Let us consider a random variable $X^{(n)}$ which depends on a deterministic quantity $n$. Then $P(X^{(n)}=x)=f(x,n).$
Now let us set the $n$ to random variable $N$. Can one say generally that $P(X^{(N)}=x|N=n)=f(n)$? Which conditions have to be fulfilled for that?
I saw it a few times that some authors write $P(X^{(N)}=x)=f(x,N)$. That does not make sense imo as probability is deterministic, not random. So I thought maybe they mean $P(X^{(N)}=x|N)=f(N)$.
It feels like what you makes sense. $P(X^{(N)}=x)=f(N)$ is valid, and in this statement $N$ is random, so $f(N)$ is some random density (but I think it would be better still to write $f(x,N)$). However if you condition on a particular setting of $N$ it becomes a deterministic density function, so that you now arrive at, $P(X^{(N)}=x|N=n)=f(n)$ (and I would still prefer to write $f(x,n))$. The conditioning on a particular setting of $N$ is important.
This is not a very clear statement.

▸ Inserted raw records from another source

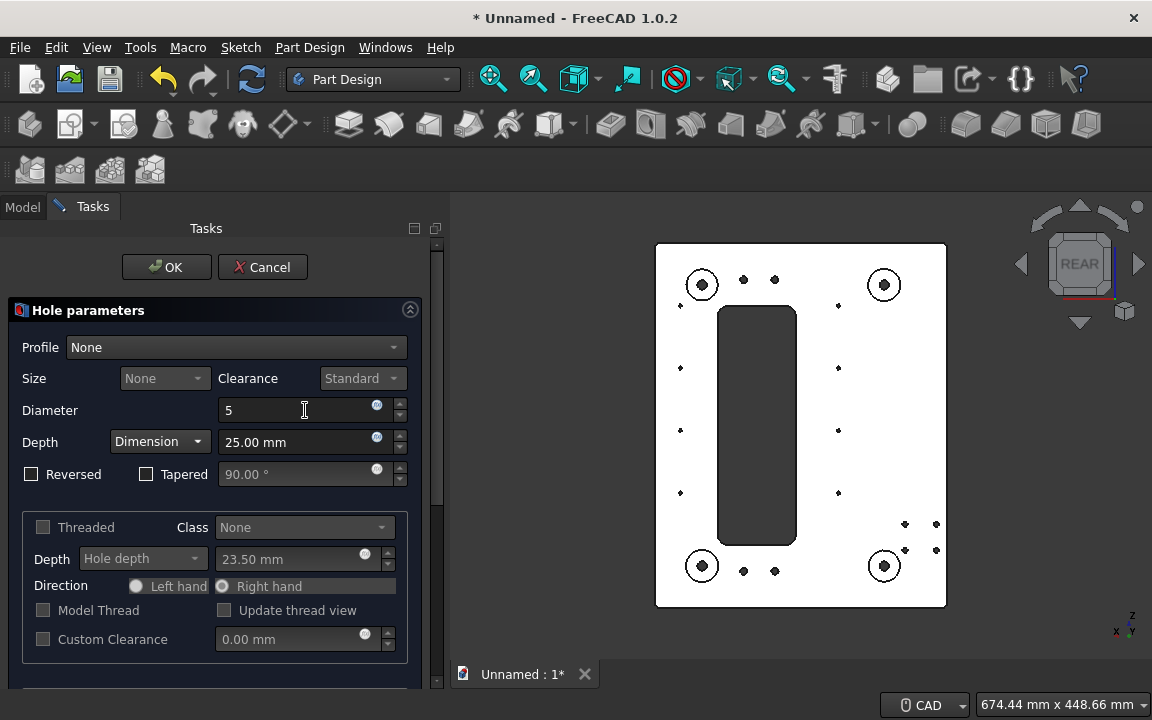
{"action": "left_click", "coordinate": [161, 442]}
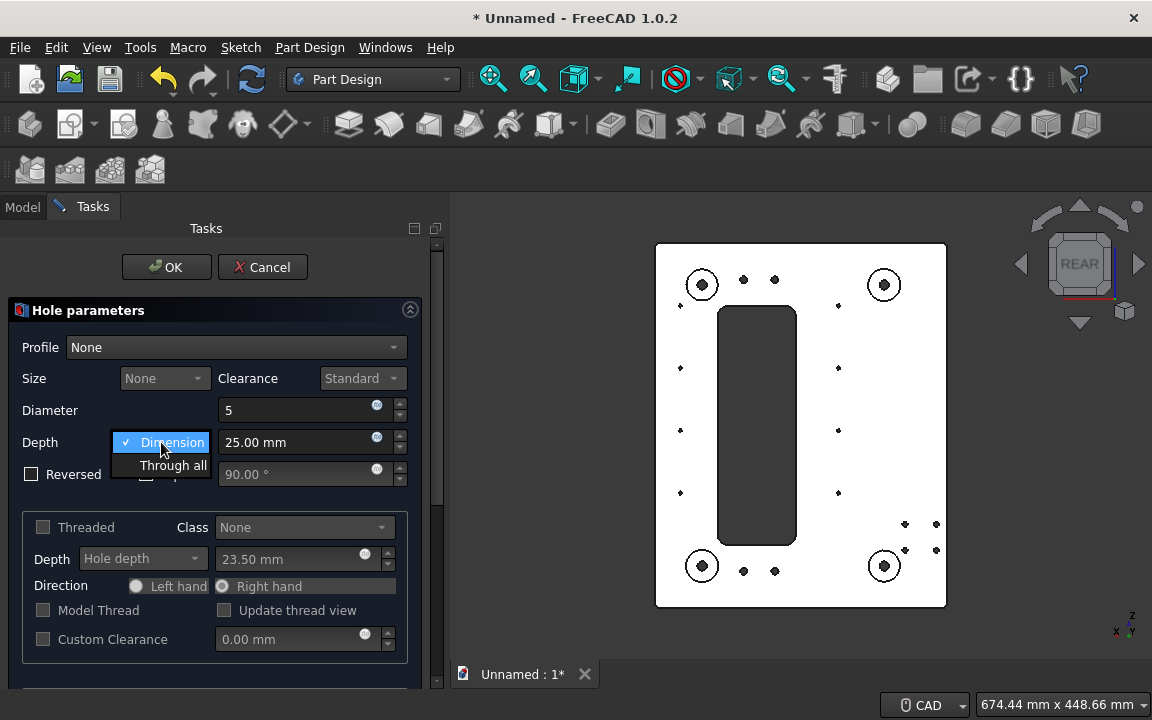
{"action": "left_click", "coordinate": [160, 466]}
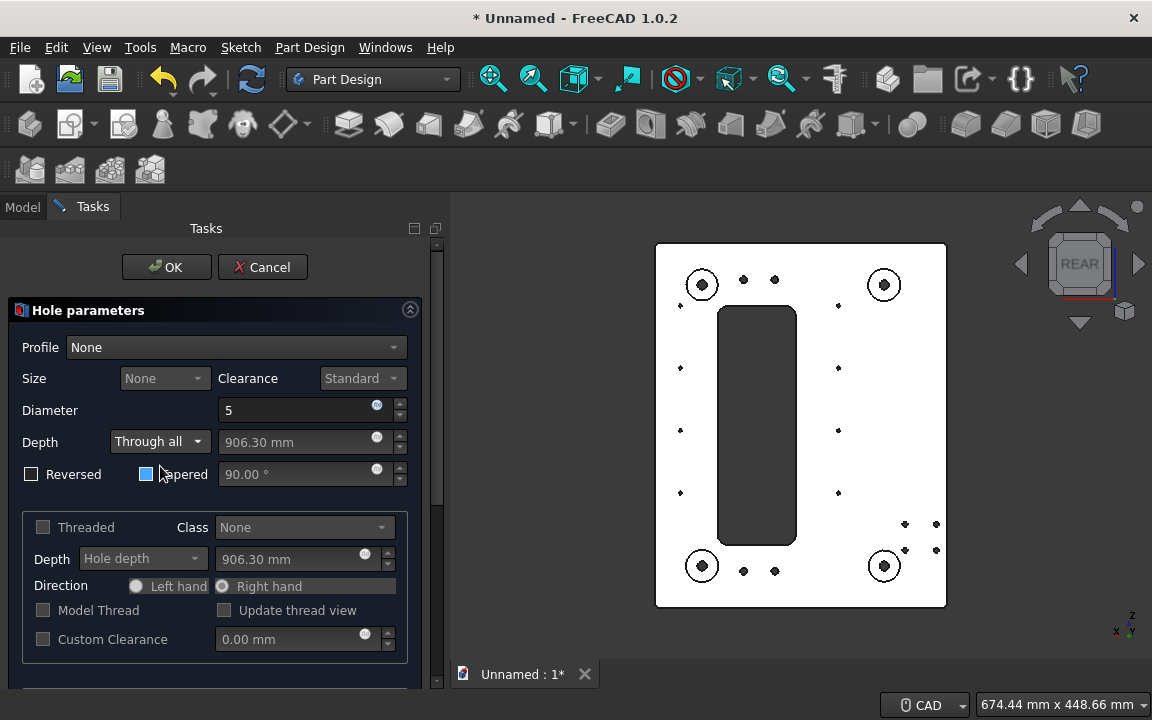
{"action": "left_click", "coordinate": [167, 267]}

The evaluation of a probability mass function at a particular point is not random, but a probability measure is meant to help encode a sense of randomness via the random variable you define.
This does not make sense to me. As I said before you need to condition on an actual value. You need to be given a value, hence you should condition at $N= n $. A event must have occurred.

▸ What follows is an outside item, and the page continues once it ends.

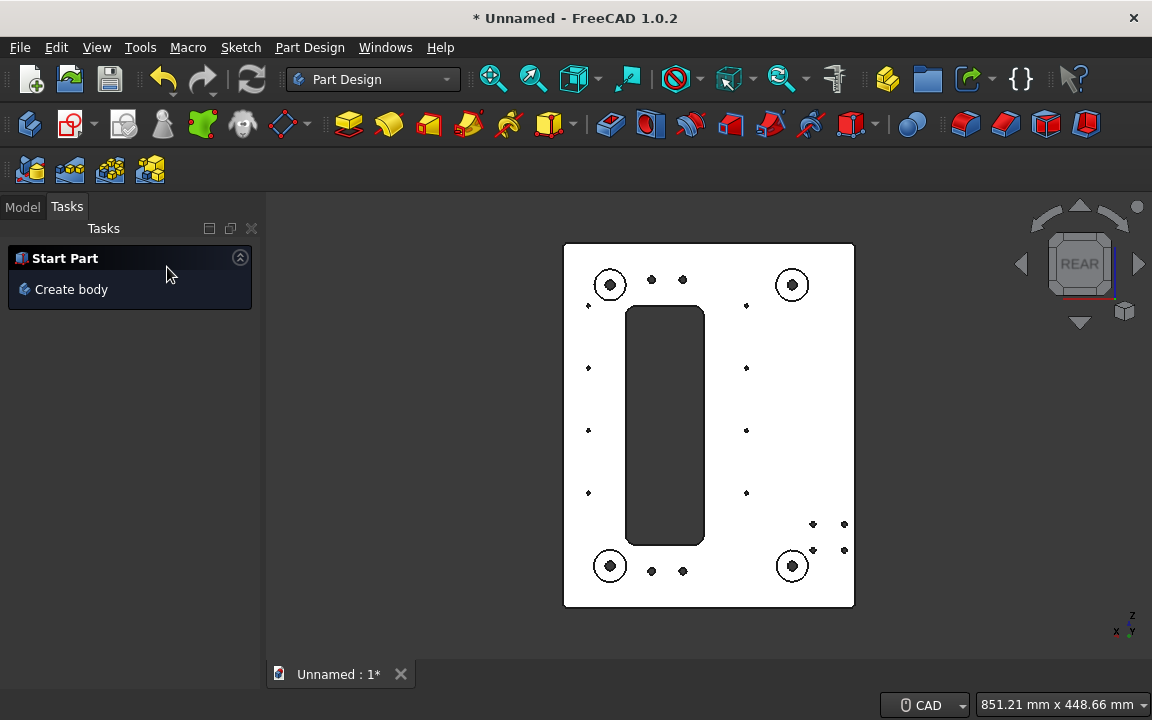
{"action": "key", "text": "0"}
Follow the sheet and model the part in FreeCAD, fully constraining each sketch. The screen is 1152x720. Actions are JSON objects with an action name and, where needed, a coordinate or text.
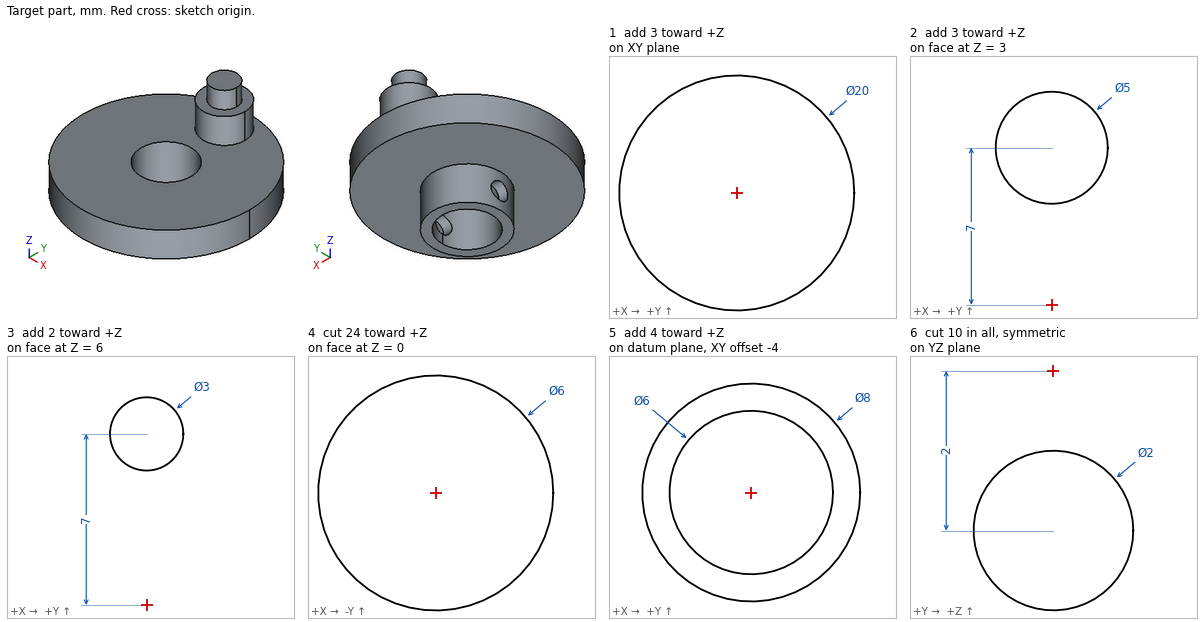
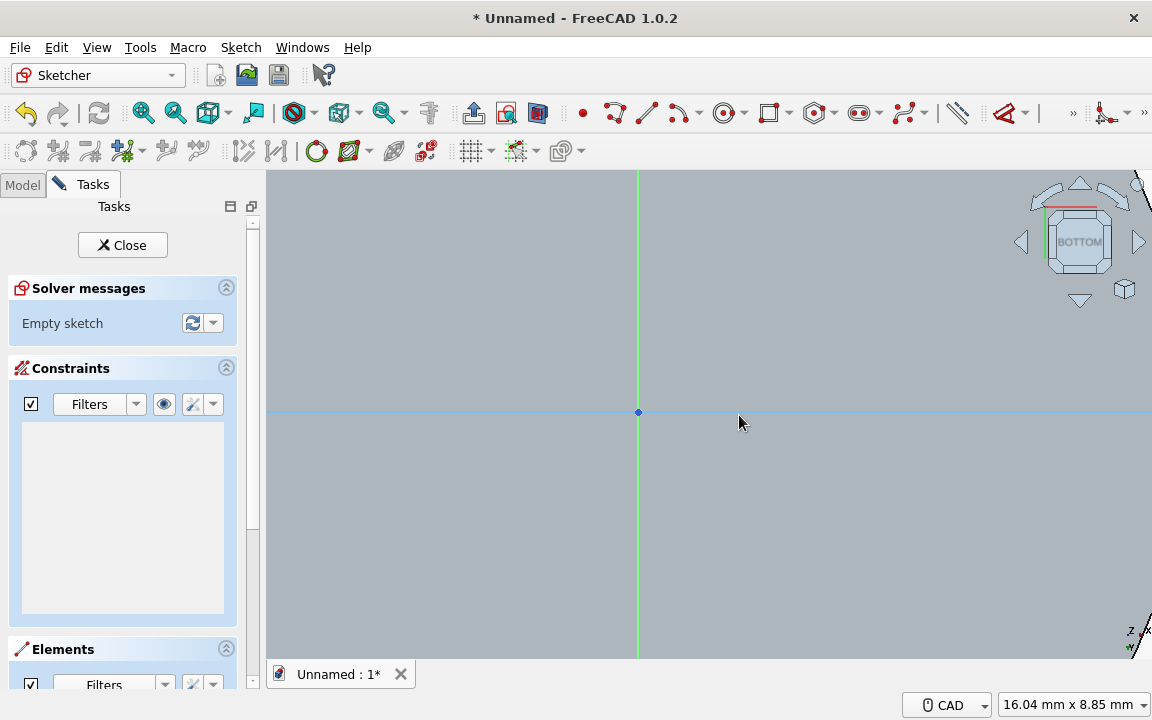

I think it could be insightful to understand the difference between the parameterisation of a density, and its density dummy variable used to define the density. What is a common example is something like: $\mathcal{N}(x;\mu,\sigma^2)$, where $x$ is density variable, and the parameterisation are non-random quantities. Under your notation this could be expressed as, $P(X^{(\mu,\sigma^2)}\leq x) = \int_{-\infty}^x \mathcal{N}(x;\mu,\sigma^2) dx$, where $X\sim\mathcal{N}(x;\mu,\sigma^2)$, since remember the probability for a continuous R.V. requires an integration over the pdf.